Our challenge, I suggest, to assist our young people from puberty onwards to value their sexuality as their procreative potential, as a gift to be shared only with the one with whom they wish to marry and to procreate. We need to start with our young ones because from puberty they are confronted with a great "fundamental option" between Catholic teachings and the ethos of modern culture. Unless our young people (and we hope some older people) embrace the self-understanding I have described, the Church's teaching will continue to fall on deaf ears.

As a postscript, I want to acknowledge that many difficult issues remain, especially in relation to homosexuality and infertility. Since the Church understands marriage as the natural fulfilment of our being male and female, it regards same-sex attraction and infertility as forms of disability and suffering which must, nonetheless, never be the basis of discrimination, or any lessening of respect for the people concerned. In this regard, people are indeed more important than their bodies. Moreover, the Church is also committed to respect for people's conscientious endeavours to live the Christian life, even when they err, and our spiritual tradition recognises how slowly each one of us grows in moral maturity. Perhaps it is also time for the Church to re-emphasise the ancient tradition that sins of the mind and will – sins proper to persons, are much more serious than 'sins of flesh'. In this respect also, people are more significant than their bodies. [8]

_______________________

[1] See G. E. M. Anscombe, "Contraception and Chastity" in Faith in a Hard Ground, Edited by Mary Geach & Luke Gormally (Imprint Academic: Exeter, 2008), 170-191; Joseph Boyle, "Contraception and Anesthesia: A Reply to James DuBois, Christian Bioethics 14/2 (2008): 217-225.

[2] We also believe, rightly, that respect for human being as persons should take priority over judgments about what is natural or unnatural; even if - relative to the norm of marriage - homosexuality is a kind of disability, it does not licence discrimination against homosexual persons. Even if IVF is an unnatural way to conceive children, any child so conceived is to be respected as a person no less than any other child.

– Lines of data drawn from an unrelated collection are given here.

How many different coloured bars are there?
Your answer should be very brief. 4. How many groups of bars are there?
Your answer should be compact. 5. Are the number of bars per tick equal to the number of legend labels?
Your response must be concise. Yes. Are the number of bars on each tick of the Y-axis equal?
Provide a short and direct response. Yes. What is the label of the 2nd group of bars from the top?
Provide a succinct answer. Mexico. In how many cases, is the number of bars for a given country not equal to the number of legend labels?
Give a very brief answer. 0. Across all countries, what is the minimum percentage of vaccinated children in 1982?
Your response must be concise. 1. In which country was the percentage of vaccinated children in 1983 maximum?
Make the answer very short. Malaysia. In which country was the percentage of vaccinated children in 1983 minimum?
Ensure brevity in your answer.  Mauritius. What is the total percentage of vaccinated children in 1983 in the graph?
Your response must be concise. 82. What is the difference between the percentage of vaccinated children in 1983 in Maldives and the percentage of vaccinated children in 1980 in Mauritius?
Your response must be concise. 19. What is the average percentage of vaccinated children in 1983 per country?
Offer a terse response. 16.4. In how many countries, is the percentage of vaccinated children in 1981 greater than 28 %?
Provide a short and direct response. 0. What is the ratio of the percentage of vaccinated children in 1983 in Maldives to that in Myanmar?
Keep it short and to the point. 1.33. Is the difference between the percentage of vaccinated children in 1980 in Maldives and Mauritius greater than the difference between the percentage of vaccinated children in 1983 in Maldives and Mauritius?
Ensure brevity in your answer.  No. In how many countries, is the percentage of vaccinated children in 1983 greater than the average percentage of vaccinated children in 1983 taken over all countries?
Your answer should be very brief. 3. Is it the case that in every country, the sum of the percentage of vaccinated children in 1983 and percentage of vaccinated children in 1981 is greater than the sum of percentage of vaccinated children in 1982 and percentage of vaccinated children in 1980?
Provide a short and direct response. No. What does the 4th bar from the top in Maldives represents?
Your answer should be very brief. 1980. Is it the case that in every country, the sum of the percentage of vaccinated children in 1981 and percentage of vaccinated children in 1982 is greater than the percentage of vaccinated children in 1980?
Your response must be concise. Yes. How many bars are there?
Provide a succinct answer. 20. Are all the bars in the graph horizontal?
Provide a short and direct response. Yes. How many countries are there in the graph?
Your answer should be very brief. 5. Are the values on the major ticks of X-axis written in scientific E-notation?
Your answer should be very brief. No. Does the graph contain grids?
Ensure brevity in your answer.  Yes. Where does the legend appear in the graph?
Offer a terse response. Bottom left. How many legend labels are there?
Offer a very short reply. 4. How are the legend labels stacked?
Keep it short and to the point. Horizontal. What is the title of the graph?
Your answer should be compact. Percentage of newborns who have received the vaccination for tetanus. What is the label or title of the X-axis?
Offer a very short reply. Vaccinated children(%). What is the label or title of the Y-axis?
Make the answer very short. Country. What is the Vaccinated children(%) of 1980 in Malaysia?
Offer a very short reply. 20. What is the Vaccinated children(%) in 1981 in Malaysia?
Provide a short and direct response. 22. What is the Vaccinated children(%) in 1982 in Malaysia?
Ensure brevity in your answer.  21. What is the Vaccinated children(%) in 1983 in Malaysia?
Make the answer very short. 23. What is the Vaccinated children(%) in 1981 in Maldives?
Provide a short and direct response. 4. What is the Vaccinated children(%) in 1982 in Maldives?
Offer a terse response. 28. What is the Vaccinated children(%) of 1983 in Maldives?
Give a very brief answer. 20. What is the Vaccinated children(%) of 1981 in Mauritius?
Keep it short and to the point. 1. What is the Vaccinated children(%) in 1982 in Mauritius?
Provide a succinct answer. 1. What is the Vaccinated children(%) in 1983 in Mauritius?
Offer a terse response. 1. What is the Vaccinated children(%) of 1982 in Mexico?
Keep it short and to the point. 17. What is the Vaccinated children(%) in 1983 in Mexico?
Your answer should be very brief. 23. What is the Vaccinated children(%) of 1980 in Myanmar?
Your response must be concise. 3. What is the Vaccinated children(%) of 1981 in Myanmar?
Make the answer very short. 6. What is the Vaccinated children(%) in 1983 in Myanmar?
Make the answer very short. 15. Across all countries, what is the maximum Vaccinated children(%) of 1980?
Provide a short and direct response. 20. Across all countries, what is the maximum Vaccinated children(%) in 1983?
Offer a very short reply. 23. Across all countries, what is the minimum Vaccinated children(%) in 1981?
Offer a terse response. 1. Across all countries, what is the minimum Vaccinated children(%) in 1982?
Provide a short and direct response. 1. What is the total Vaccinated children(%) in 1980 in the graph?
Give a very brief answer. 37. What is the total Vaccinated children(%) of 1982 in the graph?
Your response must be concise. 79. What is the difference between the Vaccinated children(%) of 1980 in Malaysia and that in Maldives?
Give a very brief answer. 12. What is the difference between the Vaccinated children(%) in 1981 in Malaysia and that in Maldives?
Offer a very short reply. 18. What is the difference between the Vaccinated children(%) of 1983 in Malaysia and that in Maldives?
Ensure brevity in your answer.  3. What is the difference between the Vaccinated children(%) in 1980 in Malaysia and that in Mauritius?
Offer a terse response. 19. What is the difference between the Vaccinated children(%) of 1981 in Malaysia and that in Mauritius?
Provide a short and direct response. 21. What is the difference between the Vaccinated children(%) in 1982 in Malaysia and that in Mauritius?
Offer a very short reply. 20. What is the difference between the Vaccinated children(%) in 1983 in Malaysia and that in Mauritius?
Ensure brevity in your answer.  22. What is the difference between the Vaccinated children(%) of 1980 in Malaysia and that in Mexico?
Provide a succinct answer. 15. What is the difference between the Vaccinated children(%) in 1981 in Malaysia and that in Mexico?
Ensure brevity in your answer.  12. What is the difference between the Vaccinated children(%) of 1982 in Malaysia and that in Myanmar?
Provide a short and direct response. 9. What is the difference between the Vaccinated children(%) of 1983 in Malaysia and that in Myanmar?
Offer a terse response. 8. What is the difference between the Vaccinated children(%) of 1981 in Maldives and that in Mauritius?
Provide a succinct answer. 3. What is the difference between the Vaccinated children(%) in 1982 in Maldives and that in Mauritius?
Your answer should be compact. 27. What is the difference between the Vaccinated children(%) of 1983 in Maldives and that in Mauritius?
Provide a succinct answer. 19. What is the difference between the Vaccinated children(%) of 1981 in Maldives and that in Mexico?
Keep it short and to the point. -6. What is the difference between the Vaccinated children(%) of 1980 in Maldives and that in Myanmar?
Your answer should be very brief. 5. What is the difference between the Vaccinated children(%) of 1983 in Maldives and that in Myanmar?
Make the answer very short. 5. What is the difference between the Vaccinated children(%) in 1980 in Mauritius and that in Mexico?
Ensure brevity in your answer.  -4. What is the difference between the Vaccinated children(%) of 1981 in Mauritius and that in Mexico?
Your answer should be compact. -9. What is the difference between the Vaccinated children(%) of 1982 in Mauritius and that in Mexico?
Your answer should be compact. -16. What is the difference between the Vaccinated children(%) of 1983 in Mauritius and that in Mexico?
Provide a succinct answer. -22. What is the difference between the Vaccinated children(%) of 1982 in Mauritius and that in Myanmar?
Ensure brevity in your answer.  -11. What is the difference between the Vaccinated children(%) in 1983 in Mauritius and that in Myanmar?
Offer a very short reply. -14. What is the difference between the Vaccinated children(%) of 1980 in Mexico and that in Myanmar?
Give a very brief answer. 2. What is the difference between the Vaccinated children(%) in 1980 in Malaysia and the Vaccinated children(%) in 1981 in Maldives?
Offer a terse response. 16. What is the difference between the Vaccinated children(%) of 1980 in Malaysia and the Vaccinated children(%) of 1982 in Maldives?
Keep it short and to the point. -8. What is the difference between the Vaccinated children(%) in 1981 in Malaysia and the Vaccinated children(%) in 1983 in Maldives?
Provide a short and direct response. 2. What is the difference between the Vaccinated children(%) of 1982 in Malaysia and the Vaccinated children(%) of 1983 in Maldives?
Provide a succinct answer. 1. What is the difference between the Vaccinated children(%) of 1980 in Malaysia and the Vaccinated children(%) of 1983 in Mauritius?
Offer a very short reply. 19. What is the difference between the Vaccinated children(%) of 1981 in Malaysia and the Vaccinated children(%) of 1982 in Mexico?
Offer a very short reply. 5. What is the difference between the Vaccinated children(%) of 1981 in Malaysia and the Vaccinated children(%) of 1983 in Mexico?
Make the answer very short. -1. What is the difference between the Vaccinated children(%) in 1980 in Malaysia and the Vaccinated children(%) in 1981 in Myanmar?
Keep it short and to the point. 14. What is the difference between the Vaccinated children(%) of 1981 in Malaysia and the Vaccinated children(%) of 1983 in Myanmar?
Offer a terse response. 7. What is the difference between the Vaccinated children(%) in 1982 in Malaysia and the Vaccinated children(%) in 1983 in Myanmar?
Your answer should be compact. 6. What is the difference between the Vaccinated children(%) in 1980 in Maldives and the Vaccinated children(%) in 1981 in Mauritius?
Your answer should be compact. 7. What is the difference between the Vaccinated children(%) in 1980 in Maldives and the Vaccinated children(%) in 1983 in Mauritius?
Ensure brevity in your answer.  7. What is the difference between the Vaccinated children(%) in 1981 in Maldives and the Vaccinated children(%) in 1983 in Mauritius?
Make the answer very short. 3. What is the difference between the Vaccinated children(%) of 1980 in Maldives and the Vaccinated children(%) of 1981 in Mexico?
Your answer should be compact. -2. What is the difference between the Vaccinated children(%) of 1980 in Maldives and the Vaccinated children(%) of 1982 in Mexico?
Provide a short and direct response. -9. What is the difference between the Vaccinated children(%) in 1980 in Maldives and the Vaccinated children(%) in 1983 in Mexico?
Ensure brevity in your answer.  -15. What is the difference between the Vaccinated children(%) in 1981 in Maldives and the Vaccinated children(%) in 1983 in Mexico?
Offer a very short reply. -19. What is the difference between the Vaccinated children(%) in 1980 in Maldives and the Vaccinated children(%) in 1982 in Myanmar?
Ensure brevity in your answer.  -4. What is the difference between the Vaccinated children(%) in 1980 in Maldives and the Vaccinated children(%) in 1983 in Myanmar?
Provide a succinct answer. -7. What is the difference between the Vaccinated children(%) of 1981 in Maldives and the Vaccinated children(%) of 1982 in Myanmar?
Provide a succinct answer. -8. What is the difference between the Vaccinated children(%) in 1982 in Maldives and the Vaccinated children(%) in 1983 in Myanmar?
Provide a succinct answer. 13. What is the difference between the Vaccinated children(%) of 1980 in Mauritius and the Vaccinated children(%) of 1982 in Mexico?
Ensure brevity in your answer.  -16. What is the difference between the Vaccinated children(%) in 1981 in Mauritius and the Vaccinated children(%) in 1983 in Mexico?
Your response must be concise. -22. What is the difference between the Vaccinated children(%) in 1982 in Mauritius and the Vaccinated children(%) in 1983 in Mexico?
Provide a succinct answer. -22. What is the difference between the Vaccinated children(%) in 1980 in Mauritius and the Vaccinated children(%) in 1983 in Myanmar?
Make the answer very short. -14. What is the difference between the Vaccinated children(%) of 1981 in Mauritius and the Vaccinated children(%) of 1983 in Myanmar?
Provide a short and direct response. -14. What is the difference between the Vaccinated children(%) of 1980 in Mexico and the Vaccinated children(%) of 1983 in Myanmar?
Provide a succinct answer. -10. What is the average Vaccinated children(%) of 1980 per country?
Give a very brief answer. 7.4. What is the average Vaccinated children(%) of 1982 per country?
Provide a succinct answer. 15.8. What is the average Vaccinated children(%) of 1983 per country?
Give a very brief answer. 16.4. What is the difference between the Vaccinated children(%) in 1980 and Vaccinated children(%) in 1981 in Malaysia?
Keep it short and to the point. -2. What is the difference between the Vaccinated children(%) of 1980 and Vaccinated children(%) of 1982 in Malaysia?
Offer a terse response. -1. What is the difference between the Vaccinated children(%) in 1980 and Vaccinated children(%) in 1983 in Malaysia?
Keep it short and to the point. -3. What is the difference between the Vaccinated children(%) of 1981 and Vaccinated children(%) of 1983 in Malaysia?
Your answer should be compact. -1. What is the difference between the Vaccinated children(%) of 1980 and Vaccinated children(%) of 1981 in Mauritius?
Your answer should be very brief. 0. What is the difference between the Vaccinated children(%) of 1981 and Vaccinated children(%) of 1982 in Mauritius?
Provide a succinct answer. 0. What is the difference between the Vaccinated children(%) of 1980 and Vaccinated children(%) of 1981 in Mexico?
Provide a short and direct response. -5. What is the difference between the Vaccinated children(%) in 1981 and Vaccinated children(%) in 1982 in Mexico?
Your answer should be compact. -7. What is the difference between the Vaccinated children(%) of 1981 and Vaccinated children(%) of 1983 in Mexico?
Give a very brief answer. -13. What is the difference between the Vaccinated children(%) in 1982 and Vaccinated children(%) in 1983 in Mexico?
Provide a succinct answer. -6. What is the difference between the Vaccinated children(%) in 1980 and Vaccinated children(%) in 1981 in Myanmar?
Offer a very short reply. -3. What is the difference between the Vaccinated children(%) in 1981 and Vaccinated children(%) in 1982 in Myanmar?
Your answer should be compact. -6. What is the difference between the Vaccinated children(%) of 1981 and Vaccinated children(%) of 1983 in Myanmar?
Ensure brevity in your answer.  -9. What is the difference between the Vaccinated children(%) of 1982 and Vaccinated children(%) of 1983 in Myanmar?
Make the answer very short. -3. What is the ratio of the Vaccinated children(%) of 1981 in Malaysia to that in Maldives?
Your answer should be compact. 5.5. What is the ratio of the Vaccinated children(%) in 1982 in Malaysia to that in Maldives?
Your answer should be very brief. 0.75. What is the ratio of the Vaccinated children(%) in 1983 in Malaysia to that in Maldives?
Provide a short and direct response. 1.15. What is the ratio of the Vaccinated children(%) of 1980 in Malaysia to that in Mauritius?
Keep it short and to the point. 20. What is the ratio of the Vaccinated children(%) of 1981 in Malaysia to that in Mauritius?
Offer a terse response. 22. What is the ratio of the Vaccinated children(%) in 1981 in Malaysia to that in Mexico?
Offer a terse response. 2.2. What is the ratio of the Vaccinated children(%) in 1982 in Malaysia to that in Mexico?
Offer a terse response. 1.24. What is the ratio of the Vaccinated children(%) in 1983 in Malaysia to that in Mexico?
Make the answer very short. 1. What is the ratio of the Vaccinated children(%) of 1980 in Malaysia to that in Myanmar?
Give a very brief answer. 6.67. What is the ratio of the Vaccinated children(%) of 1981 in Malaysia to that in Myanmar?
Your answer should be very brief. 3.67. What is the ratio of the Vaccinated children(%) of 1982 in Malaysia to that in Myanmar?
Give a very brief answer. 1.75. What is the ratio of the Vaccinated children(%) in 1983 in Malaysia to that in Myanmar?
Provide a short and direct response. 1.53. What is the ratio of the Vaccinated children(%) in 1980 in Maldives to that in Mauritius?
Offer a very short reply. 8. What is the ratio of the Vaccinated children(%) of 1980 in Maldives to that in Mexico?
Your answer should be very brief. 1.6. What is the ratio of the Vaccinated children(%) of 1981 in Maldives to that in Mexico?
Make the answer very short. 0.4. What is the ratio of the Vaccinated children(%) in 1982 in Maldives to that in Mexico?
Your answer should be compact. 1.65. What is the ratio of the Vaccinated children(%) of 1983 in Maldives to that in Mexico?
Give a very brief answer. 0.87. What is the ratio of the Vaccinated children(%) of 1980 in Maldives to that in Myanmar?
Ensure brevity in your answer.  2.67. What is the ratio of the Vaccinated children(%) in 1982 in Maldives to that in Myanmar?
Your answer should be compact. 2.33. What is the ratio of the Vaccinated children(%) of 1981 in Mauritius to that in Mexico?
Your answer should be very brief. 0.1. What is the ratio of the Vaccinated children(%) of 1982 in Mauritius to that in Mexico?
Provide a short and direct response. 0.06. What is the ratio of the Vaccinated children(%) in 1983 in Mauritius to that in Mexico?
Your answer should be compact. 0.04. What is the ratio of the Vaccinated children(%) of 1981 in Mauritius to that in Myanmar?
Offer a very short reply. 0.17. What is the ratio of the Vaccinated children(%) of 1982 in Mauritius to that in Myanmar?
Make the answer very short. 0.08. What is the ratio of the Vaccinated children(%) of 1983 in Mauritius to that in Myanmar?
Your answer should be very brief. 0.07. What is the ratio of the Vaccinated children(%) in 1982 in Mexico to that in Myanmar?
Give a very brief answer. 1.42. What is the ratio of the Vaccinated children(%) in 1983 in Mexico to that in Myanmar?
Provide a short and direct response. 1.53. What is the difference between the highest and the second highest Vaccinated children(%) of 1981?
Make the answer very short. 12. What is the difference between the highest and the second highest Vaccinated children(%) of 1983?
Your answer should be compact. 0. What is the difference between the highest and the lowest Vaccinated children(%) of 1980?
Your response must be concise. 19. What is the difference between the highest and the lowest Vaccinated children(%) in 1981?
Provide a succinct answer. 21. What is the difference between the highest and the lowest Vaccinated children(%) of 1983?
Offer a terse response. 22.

[3] The Dominion Post (Wellington, New Zealand), Saturday Jan 31st, 2009.

[4] It is often objected that in IVF, also, scientists cannot ensure a successful outcome. However, the immediate goal of IVF is to achieve fertilization; this goal defines what the act of IVF is. By contrast, the immediate and defining goal of sexual union is not fertilization, simply personal, mutual, bodily self-giving.

[5] Anscombe, "Contraception and Chastity", 186-9.

[6] " In order to be able to grasp the object of an act which specifies that act morally, it is therefore necessary to place oneself in the perspective of the acting person. The object of the act of willing is in fact a freely chosen kind of behaviour. To the extent that it is in conformity with the order of reason, it is the cause of the goodness of the will; it perfects us morally, and disposes us to recognize our ultimate end in the perfect good, primordial love." John Paul II, Veritatis Splendor, # 78.

[7] "After all, several decades of empirical research — which also did not exist before — have demonstrated that the sexual revolution, too, has had consequences, and that many of them have redounded to the detriment of a sexually liberationist ethic. Married, monogamous people are more likely to be happy. They live longer....". See Mary Eberstadt, "Is Food the New Sex?", Policy Review (Feb-March, 2009) available at www.hoover.org/publications/policyreview/38245724.html.

[8] This lecture was based on a more extensive essay, "Are People More Important than their Bodies", forthcoming in The Australasian Catholic Record (2009), where full references are to be found.

I thank the Nathaniel Centre for the opportunity of joining in the celebration of the Centre's 10th Anniversary, and for suggesting the topic of this lecture.